Owen takes his slices of bread from his lunch basket and asks all the men for their bread, which he places in a heap, saying
“These…represent the raw materials which exist naturally”.
He pulls out some pocket-knives, and says that they are the means of production. Owen says:
“I represent the landlord and capitalist class. That is to say, all these raw materials belong to me... Now you”—
maybe the Members opposite—
“represent the working class: you have nothing.”
But, he goes on, in order to turn his raw materials into something of use, we need work:
“I have invented the Money Trick to make you work for me.”
Owen hands the bread and knives to the men. They cut the bread into blocks, and return them to Owen. The workers receive their wages—of £1. The money they earn is their own, to do with as they like, and the things they produce are now the property of the capitalist class. Owen says of his blocks of bread:
“These blocks represent the necessaries of life. You can’t live without some of these things, but as they belong to me, you will have to buy them from me: my price for these blocks is—one pound each.”
The cycle continues: Owen’s blocks of bread—his profits—pile up, the rich getting richer, while the poor exchange their wages for the necessities of life, all the time staying poor. In Tressell’s masterpiece, the workers are the “philanthropists,” giving the value of their work to the rich who benefit from a rigged system.
Since those words were first written more than 100 years ago, there have been huge steps forward for working-class people and their rights, hard-won by the struggle of trade unions and the Labour movement. But the truth is the same today as it was then, because working people are not responsible for poverty. This is a broken system, that inflicts poverty, inequality and human misery, and it needs reform. We have had the longest squeeze on wages since the Napoleonic wars. Today’s young people are set to be poorer than their parents for the first time in modern history.

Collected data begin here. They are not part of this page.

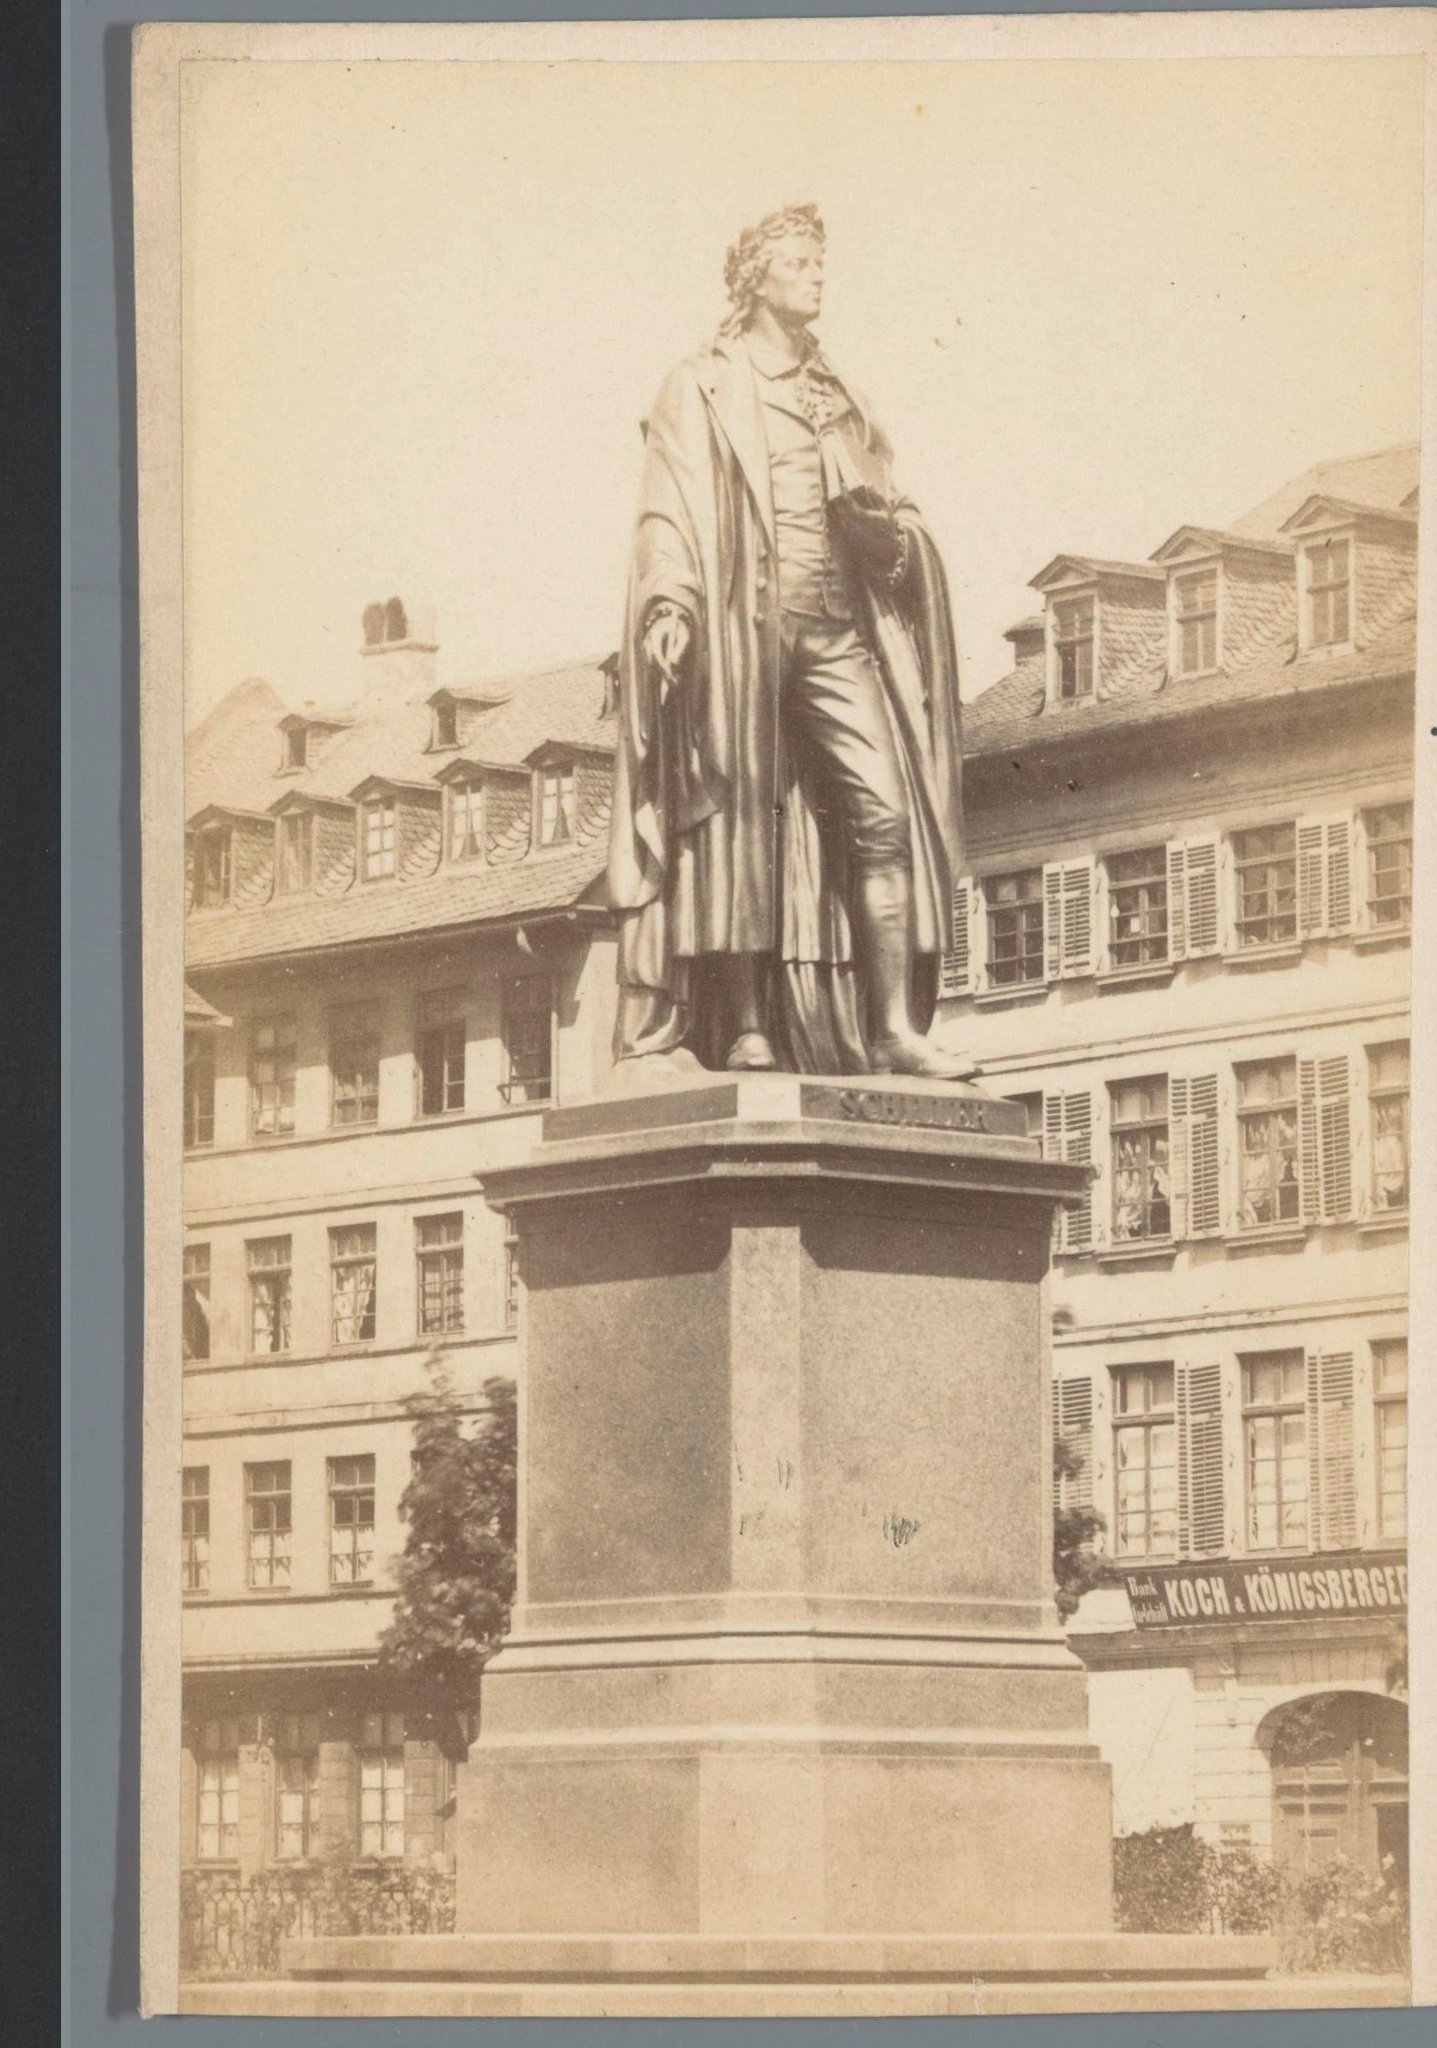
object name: carte de visite
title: Standbeeld van Schiller in Frankfurt am Main
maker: Anonymous
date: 1860-1875
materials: cardboard, paper
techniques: albumen print
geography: frankfurt am main
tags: monument, statue

This week, we heard the Chancellor come up with some of his own money tricks to mask this Government’s economic failure. He suggested that Labour had caused the global financial crisis. There have always been deficits and borrowing; the Tories ran them for 18 years when they were in government. The 2008 global financial crisis caused a global recession. It was not investment in schools and hospitals that crashed the economy; it was the greed and recklessness of a deregulated financial sector. Let us take another example: the so-called jobs miracle. This involved boasting of record levels of employment while saying nothing about the phenomenon of insecure, low-paid and bogus self-employment. Wages are lower today than they were 10 years ago, and some of my constituents are doing three, four or five of those jobs to make ends meet. Today, the majority of people in poverty in this country are also in work. What an absolute disgrace!

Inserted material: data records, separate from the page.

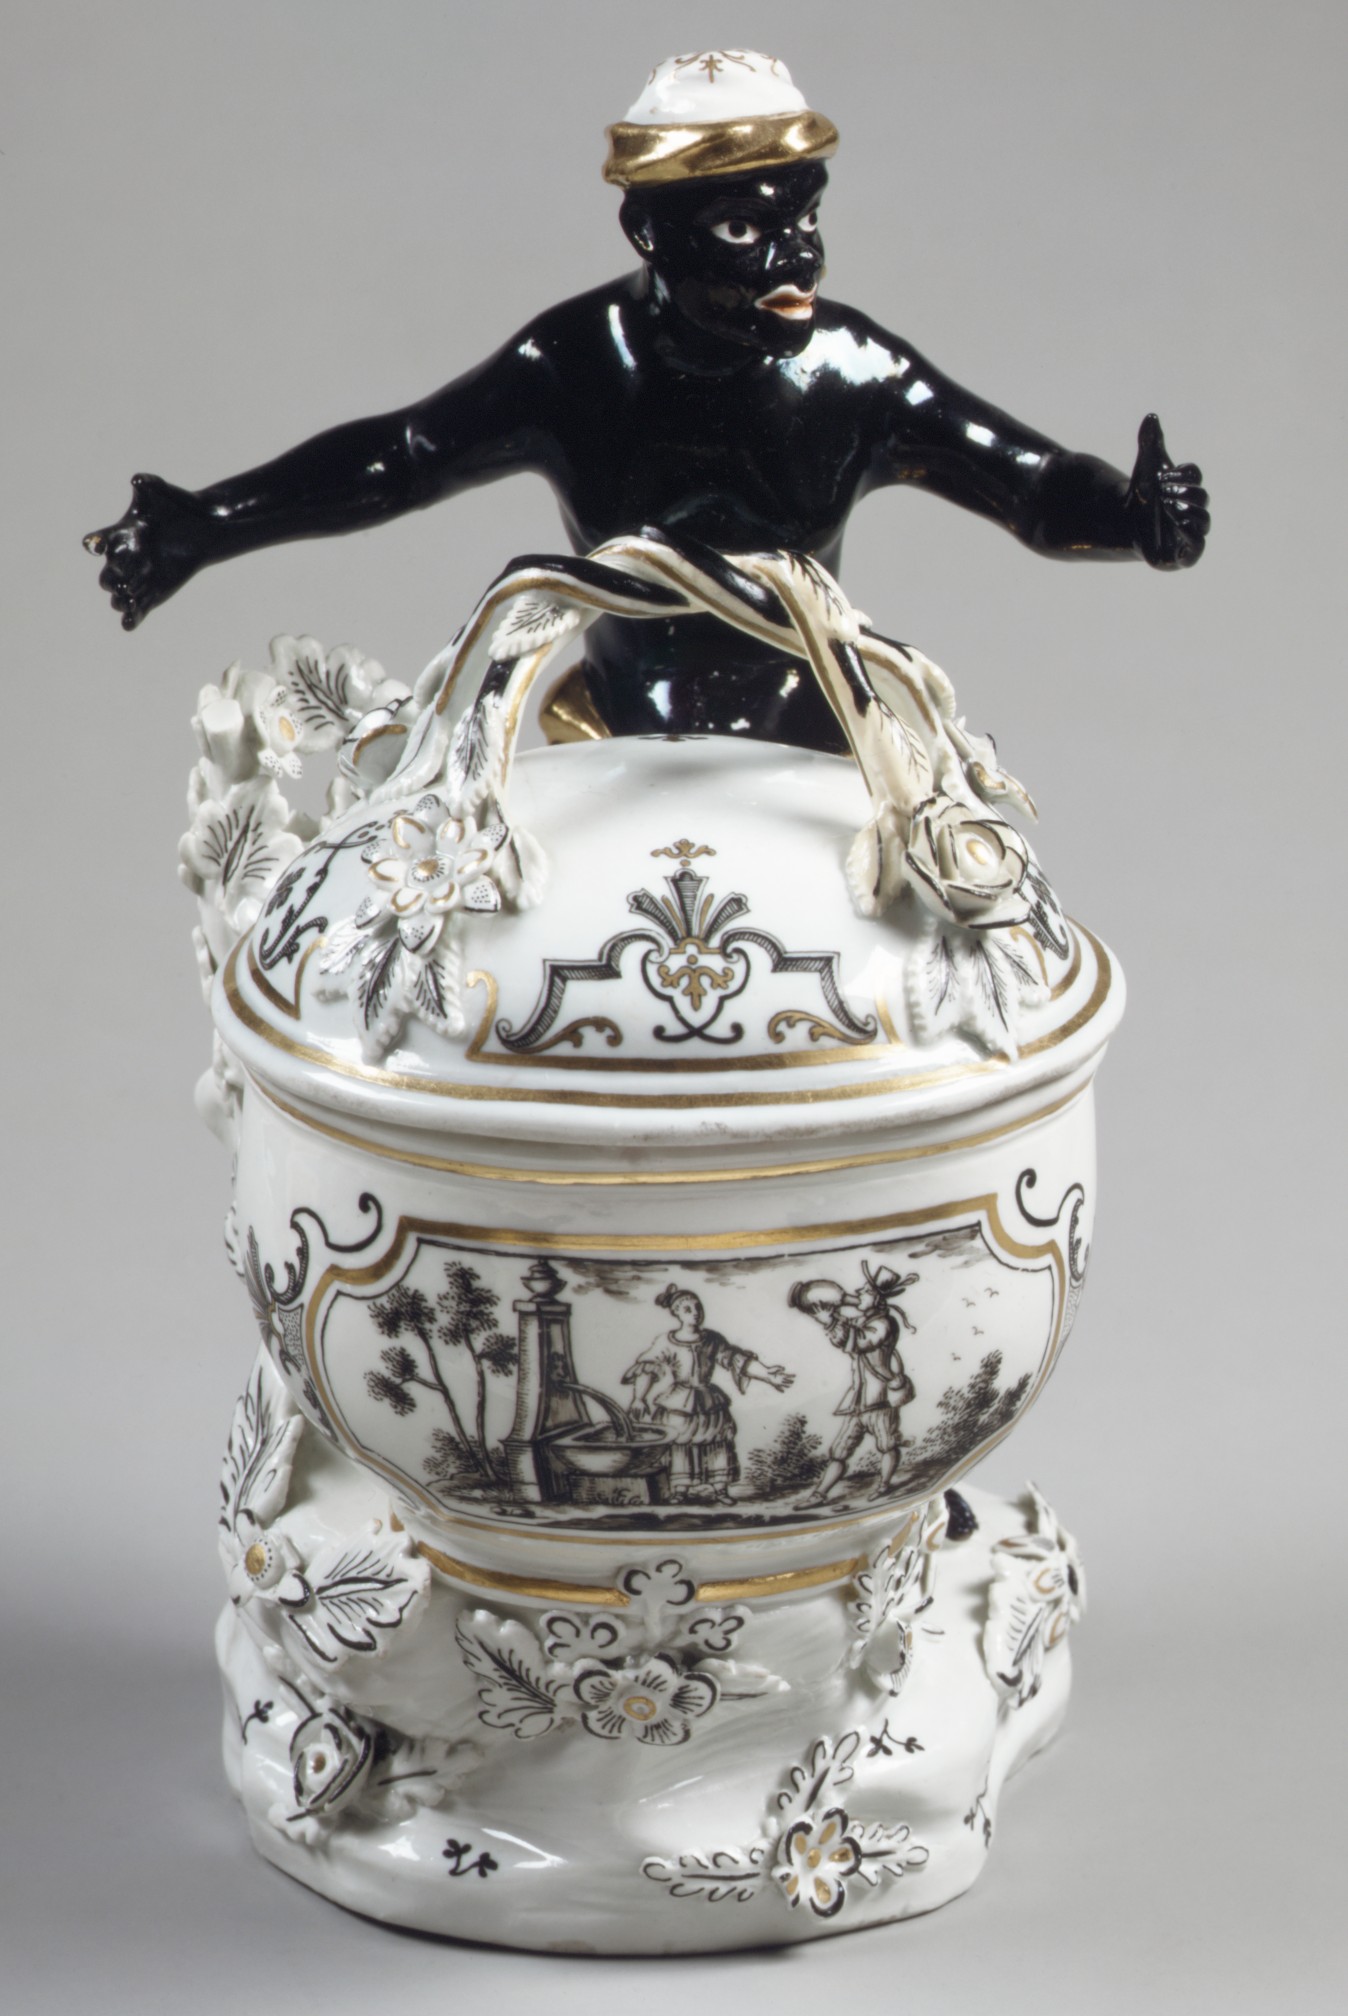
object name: sugar box
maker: vienna
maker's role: manufactory
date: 1741-1744
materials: hard paste porcelain
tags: men,flowers,leaves

This Government cannot trick their way out of this crisis. Poverty and deprivation can be seen on the streets of Liverpool every single day. Robert Tressell’s novel is full of tragedy and despair, but it also offers a glimmer of hope. In a chapter entitled “The Great Oration”, Tressell describes the creation of a new kind of society: the co-operative commonwealth, based on shared ownership and worker self-management. I think that the shadow Chancellor has read it. That is called socialism, and it is about time we redoubled our efforts to attain it.